Second, common key metrics used in analysing stocks are scraped from __[Yahoo Finance](https://finance.yahoo.com/)__. The key metrics of interest are: Market Capitilisation, Revenue, Profit Margin, Earning per Share, Profit to Earnings ratio and Profit to Earning Growth ratio. These metrics are scraped by taking the symbols from the table acquired from Wikipedia and using them to create a url to the respective stock's statistics page (e.g. __https://finance.yahoo.com/quote/AAPL/key-statistics?p=AAPL__ for Apple Inc.)

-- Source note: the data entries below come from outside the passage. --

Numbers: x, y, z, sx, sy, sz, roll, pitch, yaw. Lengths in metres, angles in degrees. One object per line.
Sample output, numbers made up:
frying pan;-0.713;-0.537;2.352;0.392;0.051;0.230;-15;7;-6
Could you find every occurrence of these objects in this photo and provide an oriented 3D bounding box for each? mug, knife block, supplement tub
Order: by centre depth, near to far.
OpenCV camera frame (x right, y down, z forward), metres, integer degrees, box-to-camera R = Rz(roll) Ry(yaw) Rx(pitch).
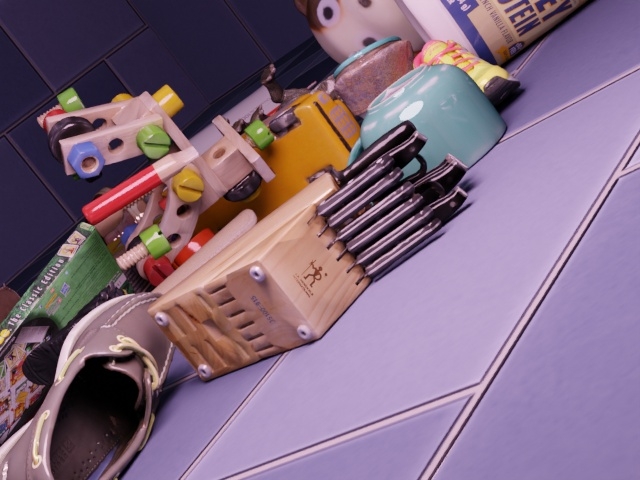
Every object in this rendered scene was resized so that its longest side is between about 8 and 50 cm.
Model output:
knife block;0.000;0.000;1.254;0.275;0.088;0.242;-26;15;49
mug;0.093;-0.106;1.364;0.157;0.097;0.129;-39;11;-9
supplement tub;0.233;-0.363;1.640;0.316;0.228;0.228;-37;11;6

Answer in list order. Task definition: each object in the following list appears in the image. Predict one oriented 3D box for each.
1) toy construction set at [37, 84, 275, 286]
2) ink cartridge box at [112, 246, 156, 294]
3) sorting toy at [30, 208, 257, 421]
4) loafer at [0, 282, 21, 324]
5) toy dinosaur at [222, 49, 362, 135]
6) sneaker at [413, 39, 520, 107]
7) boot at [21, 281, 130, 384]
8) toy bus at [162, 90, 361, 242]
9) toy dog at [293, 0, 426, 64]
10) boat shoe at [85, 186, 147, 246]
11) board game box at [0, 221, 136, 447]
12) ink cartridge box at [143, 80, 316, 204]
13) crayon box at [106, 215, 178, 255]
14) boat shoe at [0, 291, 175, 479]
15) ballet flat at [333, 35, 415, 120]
toy construction set;-0.171;-0.095;1.626;0.237;0.257;0.309;-32;14;-4
ink cartridge box;-0.312;0.108;1.813;0.234;0.088;0.193;-34;10;22
sorting toy;-0.210;0.090;1.568;0.307;0.041;0.229;-43;-2;-27
loafer;-0.552;0.181;2.169;0.130;0.134;0.366;-32;-3;-39
toy dinosaur;-0.046;-0.154;1.980;0.313;0.160;0.121;-44;31;41
sneaker;0.145;-0.176;1.504;0.081;0.094;0.208;-39;11;-7
boot;-0.267;0.101;1.520;0.121;0.045;0.099;-38;10;24
toy bus;-0.074;-0.095;1.843;0.332;0.108;0.130;-29;11;40
toy dog;0.147;-0.435;2.110;0.408;0.284;0.395;-43;11;-19
boat shoe;-0.389;-0.013;2.510;0.123;0.123;0.342;-40;17;-17
board game box;-0.316;0.117;1.578;0.030;0.136;0.260;18;60;31
ink cartridge box;-0.180;-0.170;2.382;0.308;0.091;0.385;-38;0;-15
crayon box;-0.309;0.063;2.012;0.318;0.081;0.202;-33;11;22
boat shoe;-0.193;0.143;1.237;0.091;0.109;0.305;-29;19;36
ballet flat;0.081;-0.180;1.668;0.107;0.106;0.316;-32;2;6

The two tables are then merged and saved as `SnP500_raw.csv` in the directory of this jupyter notebook

<div class="alert alert-block alert-info">
<b>Note:</b> The data extracted from Yahoo Finance is accurate to date 02/12/2023.
</div>


In [2]:
# extracting list of SnP 500 companies from Wikipedia
url_link= 'https://en.wikipedia.org/wiki/List_of_S%26P_500_companies'
response = requests.get(url_link)
SnP500_raw = pd.read_html(response.text)[0]
SnP500_raw.head()

Unnamed: 0,Symbol,Security,GICS Sector,GICS Sub-Industry,Headquarters Location,Date added,CIK,Founded
0,MMM,3M,Industrials,Industrial Conglomerates,"Saint Paul, Minnesota",1957-03-04,66740,1902
1,AOS,A. O. Smith,Industrials,Building Products,"Milwaukee, Wisconsin",2017-07-26,91142,1916
2,ABT,Abbott,Health Care,Health Care Equipment,"North Chicago, Illinois",1957-03-04,1800,1888
3,ABBV,AbbVie,Health Care,Pharmaceuticals,"North Chicago, Illinois",2012-12-31,1551152,2013 (1888)
4,ACN,Accenture,Information Technology,IT Consulting & Other Services,"Dublin, Ireland",2011-07-06,1467373,1989


In [None]:
def yahoo_api_statistics(symbol:str):
    '''
    Returns a list of metrics commonly used to evaluate stocks.

            Parameters:
                    symbol (str): Stock symbols; e.g. AAPL for Apple

            Returns:
                    metrics_list (lst): List of key metrics in the given order:
                    1. Market Capitilisation (Market_cap)
                    2. Revenue (Revenue)
                    3. Profit Margin (Profit_margin)
                    4. Earning per Share (EPS)
                    5. Profit to Earnings ratio (PE_ratio)
                    6. Profit to Earnings Growth ratio (PEG)
    '''  
    # replaces a '.' to '-' in any symbol to produce the correct url to scrape data
    if "." in symbol:
        symbol = symbol.replace(".","-")
        
    statistics_url = ("https://finance.yahoo.com/quote/{symbol}/key-statistics?p={symbol}").format(symbol = symbol)
    response = requests.get(statistics_url, headers= {'User-agent': 'Mozilla/5.0'})
    df = pd.read_html(response.text)
    
    # Extracts individual metrics from the tables
    Market_cap = df[0].iloc[0,1]
    Revenue = df[-3].iloc[0,1]
    Profit_margin = df[5].iloc[0,1]
    EPS = df[-3].iloc[6,1]
    PE_ratio =  df[0].iloc[2,1]
    PEG = df[0].iloc[4,1]
    
    metrics_list = [Market_cap, Revenue, Profit_margin, EPS, PE_ratio, PEG]
    
    return metrics_list


# creating an empty list to store the metrics
metrics = []

# loops through symbols to extract 
for i in range(len(SnP500_raw)):
    
    # try/except to catch out any pages with errors
    try:
        symbol = SnP500_raw.iloc[i,0]
        input_list = yahoo_api_statistics(symbol)
        metrics.append(input_list)
    except:
        print(symbol)


In [9]:
# columns with units, where B = Billions and TTM = Trailing Twelve Months
columns_to_add = ['Market Cap / B', 'Revenue (TTM) / B', 'Profit Margin / %', 'Earnings per Share (TTM) / $', 'Price to Earning ratio (TTM)', 'Price to Earnings Growth ratio (5yr expected)']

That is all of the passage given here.